„Arzneimittel sind unabdingbar für die Gesundheit der Menschen und wesentlicher Faktor des medizinischen Fortschritts. Die pharmazeutische Industrie ist ein Schlüsselsektor und eine Leitindustrie der deutschen Volkswirtschaft. Eine langfristig starke pharmazeutische Industrie ist für die Gesundheitsversorgung und den Wirtschaftsstandort von großer Bedeutung“, heißt es in der veröffentlichten Pharmastrategie der Bundesregierung. „Die Pharmabranche ist auch ein bedeutender Teil der kritischen Infrastruktur. Die pharmazeutische Industrie ist essentiell für die medizinische Versorgung und bedarf einer besonderen Betrachtung für Bedrohungen und Krisenlagen“.
In einer einleitenden „Problembeschreibung“ erkennt die Regierung an: „Die vergangenen Jahre haben gezeigt, dass der Forschungs- und Entwicklungsstandort Deutschland im internationalen Bereich an Attraktivität verloren hat“. Zusätzlich habe „die COVID-19-Pandemie die Vulnerabilitäten der Lieferketten verdeutlicht“ – mitsamt den entsprechenden Risiken für die Versorgung mit Arzneimitteln wie Antibiotika.
Pharmastrategie: Deutschland zukunftsfit machen
Die Regierung hat es sich mit der Pharmastrategie zum Ziel gesetzt, „die Attraktivität des Pharmastandorts Deutschland wieder zu erhöhen und auszubauen sowie eine zuverlässige Versorgung sicherzustellen“. Voraussetzung seien „verlässliche Rahmenbedingungen und damit vorhersehbare Marktgegebenheiten“. Denn nur „so werden pharmazeutische und biotechnologische Unternehmen ihre Investitionen in innovative Forschung, Entwicklung und Produktion in Deutschland tätigen“.
Die vorgeschlagenen Maßnahmen sind auf 8 Hauptpunkte aufgeteilt:
- Klinische Prüfungen von Humanarzneimitteln vereinfachen und beschleunigen: Geplant sind Maßnahmen, welche die Genehmigung und Durchführung von Arzneimittelstudien optimieren – Bearbeitungszeiten sollen zum Beispiel verkürzt werden. Das ist wichtig, denn Deutschland ist im internationalen Vergleich oft zu langsam; die Bürokratie wirkt als Hemmschuh der hiesigen Innovationskraft.

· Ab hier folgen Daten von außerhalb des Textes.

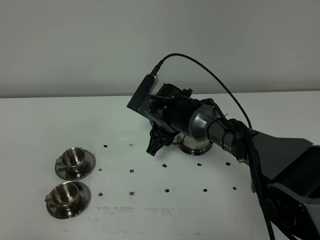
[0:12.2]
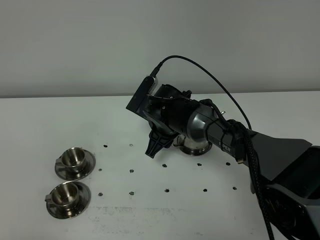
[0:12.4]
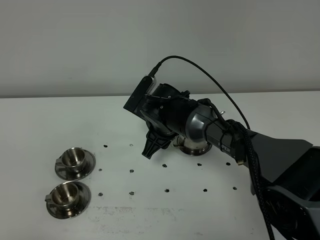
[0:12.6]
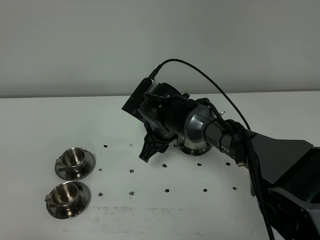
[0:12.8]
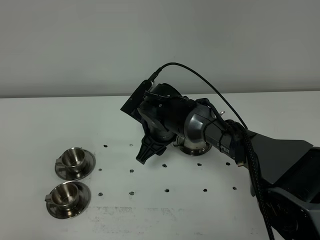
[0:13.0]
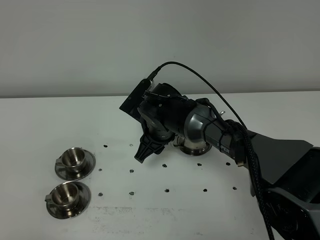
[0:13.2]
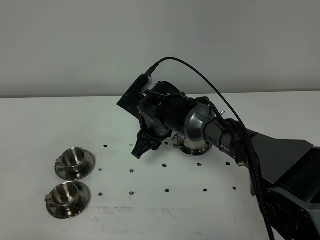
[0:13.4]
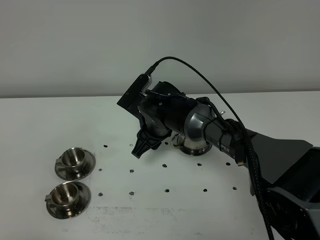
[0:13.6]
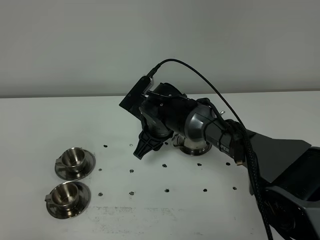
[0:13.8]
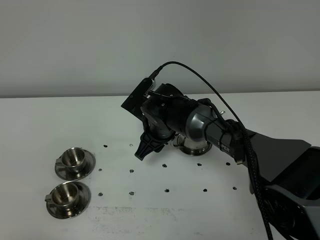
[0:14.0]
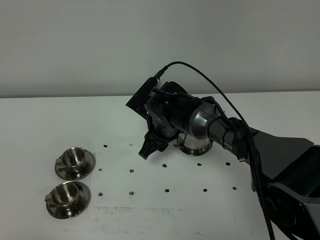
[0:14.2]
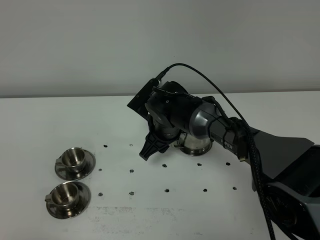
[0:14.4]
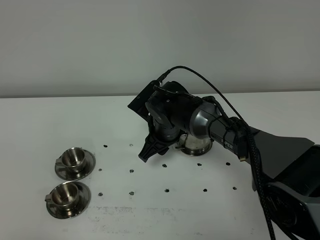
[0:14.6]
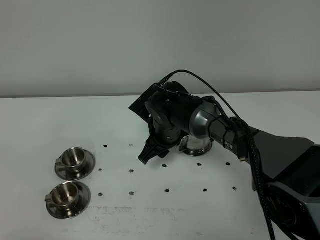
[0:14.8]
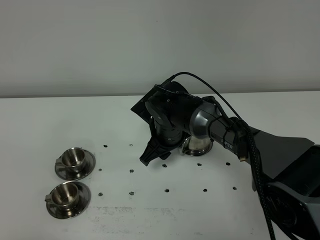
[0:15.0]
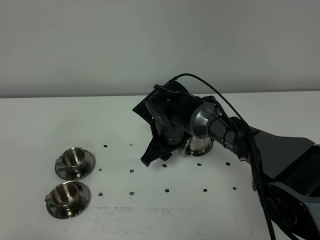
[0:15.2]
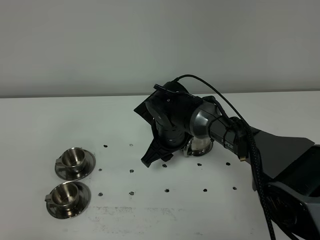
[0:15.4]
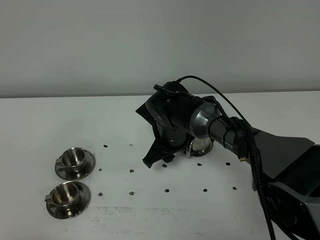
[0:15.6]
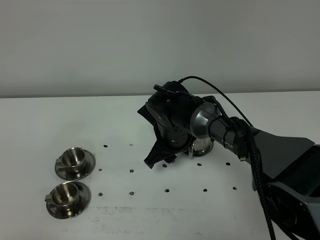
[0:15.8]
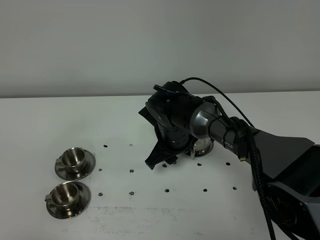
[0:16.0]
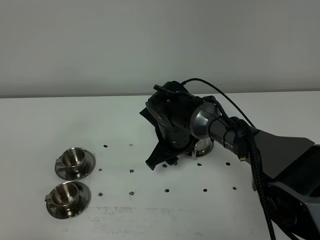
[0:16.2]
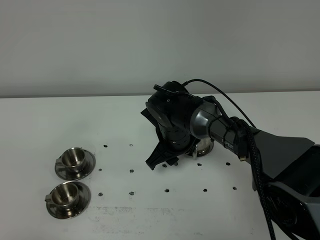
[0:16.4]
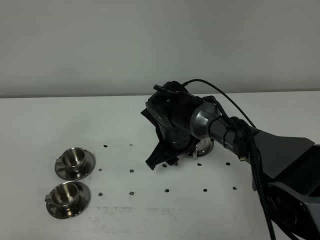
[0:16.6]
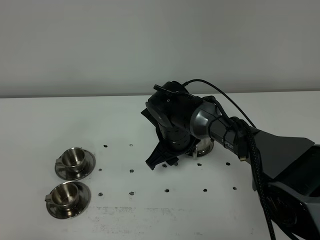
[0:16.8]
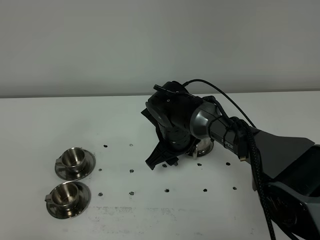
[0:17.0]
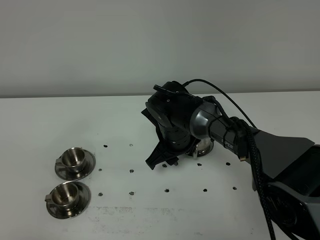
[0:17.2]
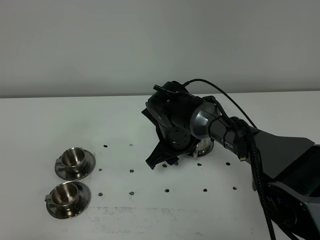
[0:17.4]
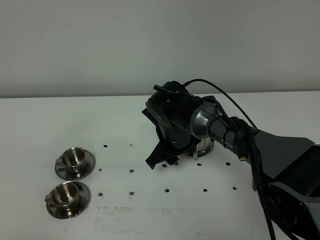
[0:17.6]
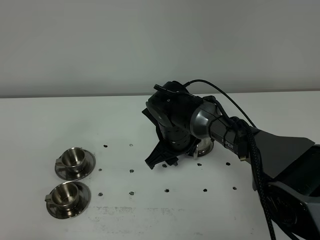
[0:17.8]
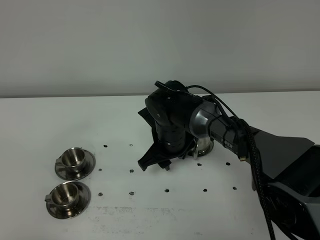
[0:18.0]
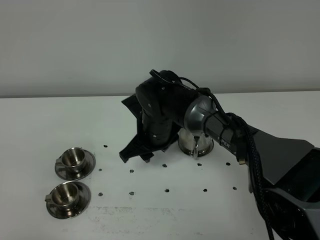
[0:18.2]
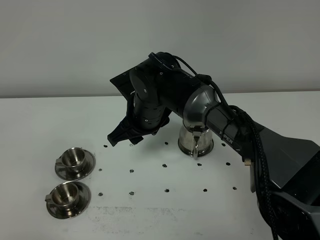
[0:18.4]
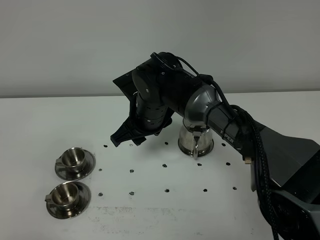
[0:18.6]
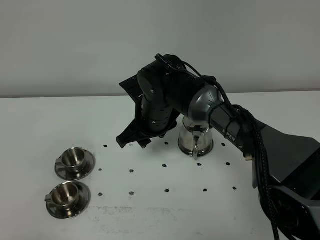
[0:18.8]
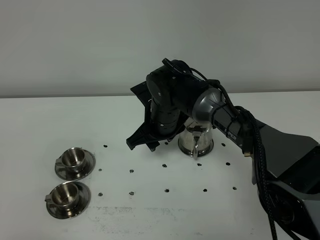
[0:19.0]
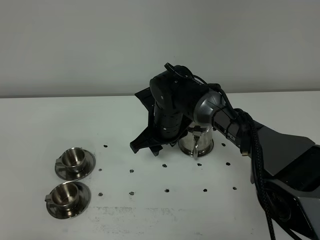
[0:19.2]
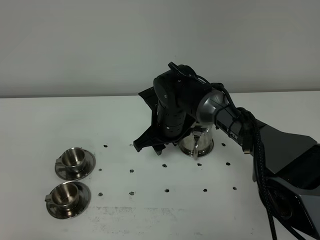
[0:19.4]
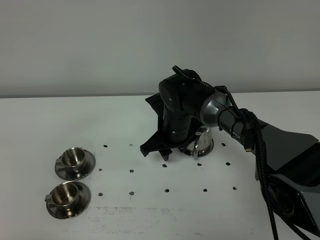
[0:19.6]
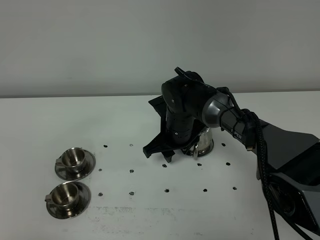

- Zulassungsbehörden stärken, Synergien bei Überwachungsbehörden schaffen: Auch hier geht es um eine Beschleunigung von Prozessen. „Hierfür bedarf es eines zentralen Projektmanagements mit gut abgestimmten und ausgestatteten Behörden“, heißt es.
- Stärkere Digitalisierung in der Gesundheitsversorgung vorantreiben: Deutschland hinkt hinterher – dabei hat die Nutzung von digitalen Gesundheitsdaten enormes Potenzial für Forschung und Medizin, welches es zu bergen gilt.
- Anreize zur Ansiedlung von Herstellungsstätten in der EU sowie Diversifizierung der Lieferketten: Die strategische Abhängigkeit von Drittstaaten wie China und Indien – insbesondere mit Blick auf die Herstellung von patentfreien Arzneimitteln – soll reduziert werden, indem zum Beispiel der Aufbau von Produktion in Deutschland attraktiver gemacht wird.
- Regulatorische Rahmenbedingungen schaffen, um EU-Wettbewerbsfähigkeit sicherzustellen: Im Gegensatz zu Diskussionen auf EU-Ebene spricht sich die Bundesregierung in ihrer Pharmastrategie für eine „umfassende Aufrechterhaltung des Systems geistiger Eigentumsrechte“ aus.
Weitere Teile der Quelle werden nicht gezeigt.